Where there were no sales of identical or similar merchandise made in 
the ordinary course of trade in the comparison market, we compared U.S. 
sales to constructed value (``CV''). In making product comparisons, 
consistent with our determination in the original investigation, we 
matched foreign like products based on the physical characteristics 
reported by the respondent in the following order: grade, variety, 
form, cultivation method, and additives (see Notice of Preliminary 
Determination of Sales at Less than Fair Value and Postponement of 
Final Determination: IQF Red Raspberries from Chile, 66 FR 67510, 67511 
(December 31, 2001)).

Export Price

    For sales to the United States, we calculated EP, in accordance 
with section 772(a) of the Act, because the merchandise was sold prior 
to importation by the exporter or producer outside the United States to 
the first unaffiliated purchaser in the United States, and because 
constructed export price methodology was not otherwise warranted. We 
based EP on the packed, Free on Board (``FOB'') plus Duty Paid, 
Delivered Duty Paid (``DDP''), or Cost and Freight (``C&F'') price to 
unaffiliated purchasers in the United States. We adjusted the reported 
gross unit price, where applicable, for rebates and billing 
adjustments. We also made deductions for movement expenses in 
accordance with section 772(c)(2)(A) of the Act. These deductions 
included, where appropriate, domestic inland freight, brokerage and 
handling, pre-sale warehousing expenses, international freight, U.S. 
customs duties, and other U.S. transportation expenses. To calculate 
EP, we relied upon the data submitted by the respondents.

Normal Value

A. Home Market Viability

    In order to determine whether there was a sufficient volume of 
sales in the home market to serve as a viable basis for calculating NV, 
we compared each respondent's volume of home market sales of the 
foreign like product to its volume of U.S. sales of the subject 
merchandise, in accordance with section 773(a)(1)(C) of the Act.
    Olmue and SANCO reported that their home market sales of IQF red 
raspberries during the POR were less than five percent of their sales 
of IQF red raspberries in the United States. Therefore, Olmue and SANCO 
did not have viable home markets for purposes of calculating NV. Olmue 
reported that France was its largest third country market, and SANCO 
reported that the United Kingdom was its largest third country market. 
In both instances, sales to the third countries exceed five percent of 
sales to the United States.
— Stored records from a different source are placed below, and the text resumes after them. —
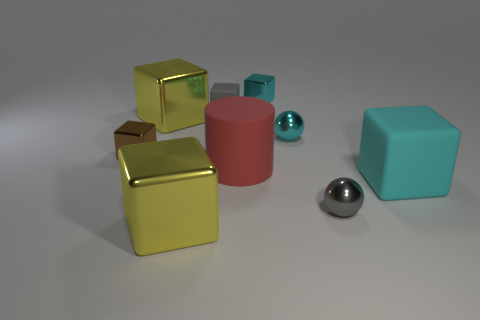Subtract all yellow blocks. How many blocks are left? 4 Subtract all big yellow shiny cubes. How many cubes are left? 4 Subtract all gray blocks. Subtract all red cylinders. How many blocks are left? 5 Subtract all green cubes. How many purple spheres are left? 0 Subtract all small brown shiny cylinders. Subtract all large red cylinders. How many objects are left? 8 Add 5 big cylinders. How many big cylinders are left? 6 Add 1 small rubber objects. How many small rubber objects exist? 2 Subtract 0 purple balls. How many objects are left? 9 Subtract all cubes. How many objects are left? 3 Subtract 1 cylinders. How many cylinders are left? 0 
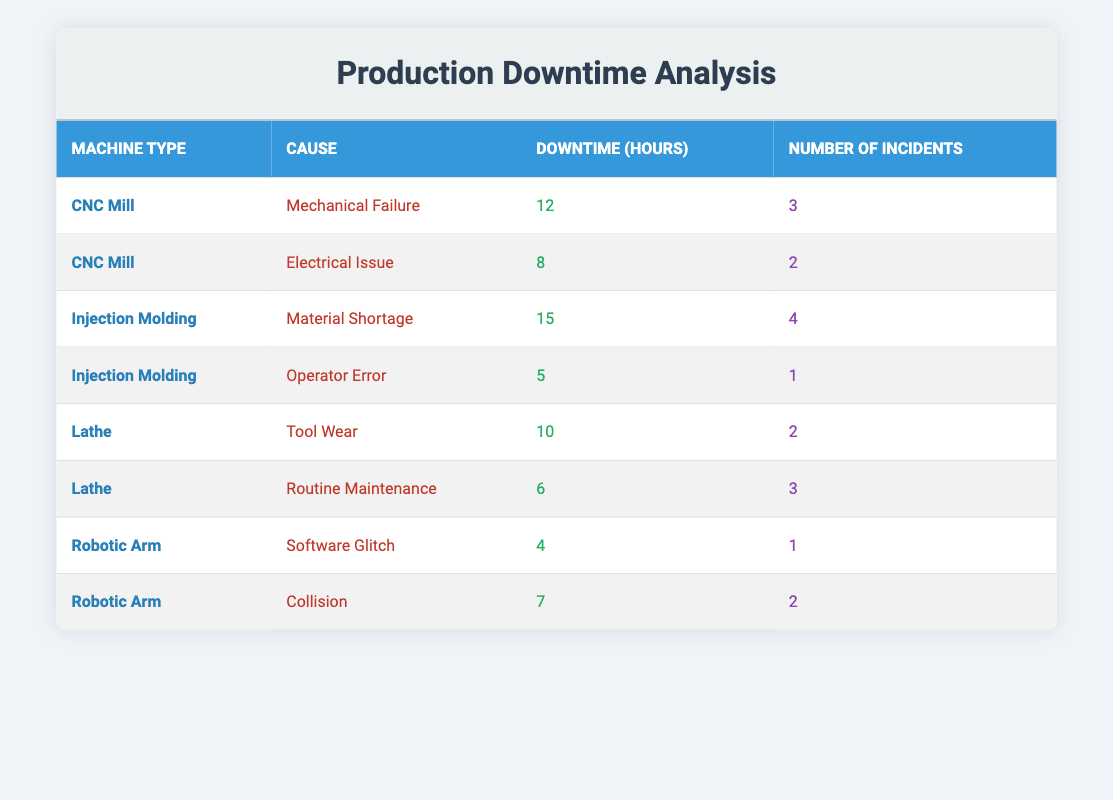What is the total downtime caused by Mechanical Failure for CNC Mills? The table shows that Mechanical Failure leads to 12 hours of downtime for CNC Mills. There is only one entry for this cause and machine type. Therefore, the total downtime for this specific entry is simply 12 hours.
Answer: 12 hours Which machine type has the highest total downtime hours? To find the machine type with the highest total downtime, we sum the downtime hours for each machine type. For CNC Mills, the total downtime is 12 + 8 = 20 hours. For Injection Molding, it's 15 + 5 = 20 hours. For Lathe, it's 10 + 6 = 16 hours. For Robotic Arm, it's 4 + 7 = 11 hours. CNC Mills and Injection Molding both have the highest total downtime at 20 hours.
Answer: CNC Mill and Injection Molding Is there a downtime incident related to Operator Error in the table? The table includes Operator Error as a cause of downtime under the Injection Molding machine type, which has 5 hours of downtime and 1 incident recorded. Thus, there is indeed a related incident.
Answer: Yes What is the average downtime for the Robotic Arm incidents? The Robotic Arm has two causes of downtime: Software Glitch (4 hours) and Collision (7 hours). To find the average, we add these downtimes: 4 + 7 = 11 hours total, and since there are 2 incidents, we divide 11 by 2, resulting in an average downtime of 5.5 hours.
Answer: 5.5 hours How many total incidents are recorded for the Lathe machine type? The Lathe has two causes of downtime in the table: Tool Wear (2 incidents) and Routine Maintenance (3 incidents). To find the total incidents, we sum these two numbers: 2 + 3 = 5 incidents overall for the Lathe machine type.
Answer: 5 incidents What machine type has more incidents due to Electrical Issues than Mechanical Failures? In the table, CNC Mills have 2 incidents due to Electrical Issues and 3 incidents due to Mechanical Failures. Since the number of incidents for Electrical Issues (2) is not higher than for Mechanical Failures (3), there is no machine type with more incidents for Electrical Issues compared to Mechanical Failures.
Answer: No What is the total downtime for the Injection Molding machine type? The Injection Molding machine type has 2 entries: Material Shortage (15 hours) and Operator Error (5 hours). To find total downtime, we add these two values: 15 + 5 = 20 hours. Therefore, the total downtime for Injection Molding is 20 hours.
Answer: 20 hours Are there any incidents of downtime caused by Collision in the table? Yes, the table has an entry for Collision under the Robotic Arm, which is noted to have 7 hours of downtime and 2 incidents. Therefore, there are indeed incidents caused by Collision.
Answer: Yes What is the difference in downtime caused by Tool Wear versus Routine Maintenance for the Lathe? The downtime caused by Tool Wear is 10 hours, while the downtime caused by Routine Maintenance is 6 hours. To find the difference, we subtract the Routine Maintenance downtime from Tool Wear: 10 - 6 = 4 hours. Therefore, the difference in downtime is 4 hours.
Answer: 4 hours 
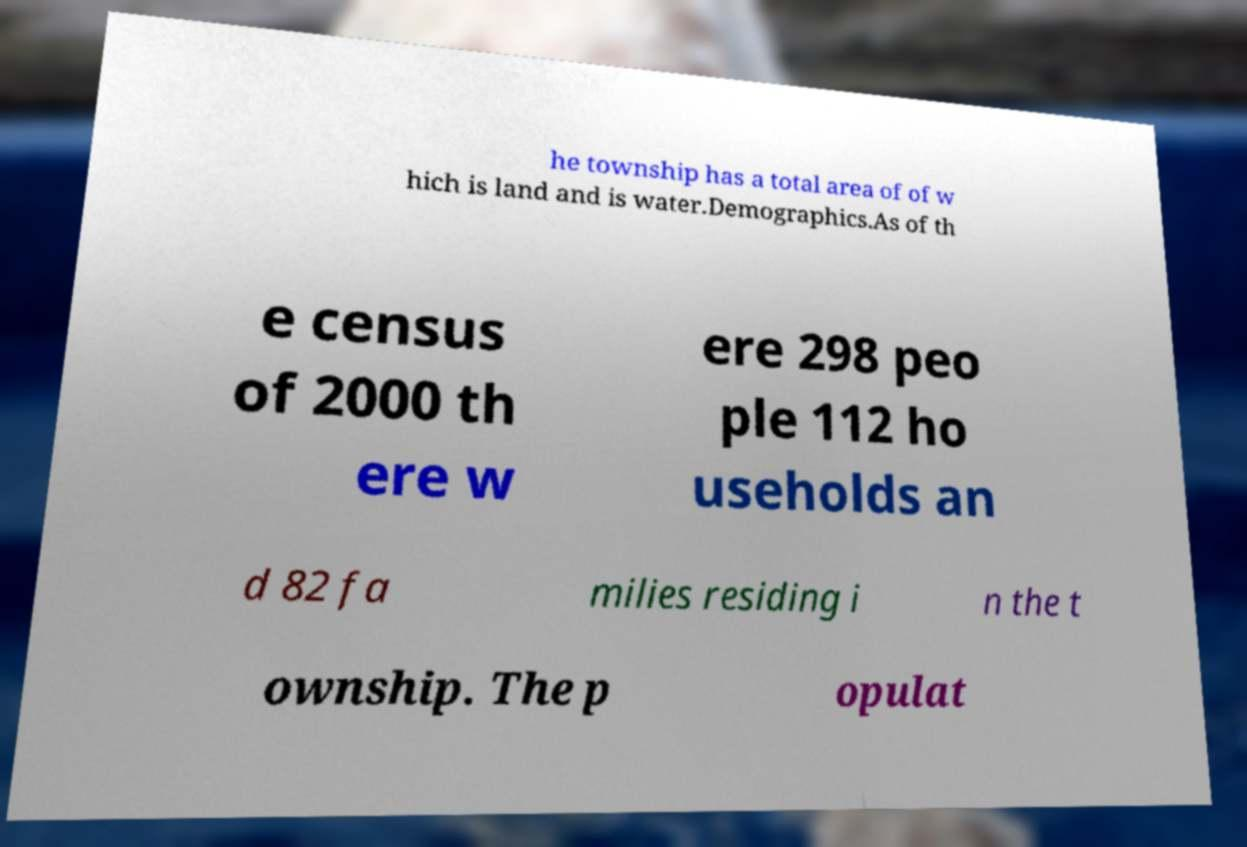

Accordingly, for purposes of calculating 
NV, Olmue reported its sales to France, and SANCO reported its sales to 
the United Kingdom.
    VBM reported that its home market sales of IQF red raspberries 
during the POR were more than five percent of its sales of IQF red 
raspberries in the United States. Therefore, VBM's home market was 
viable for purposes of calculating NV. Accordingly, VBM reported its 
home market sales for purposes of calculating NV.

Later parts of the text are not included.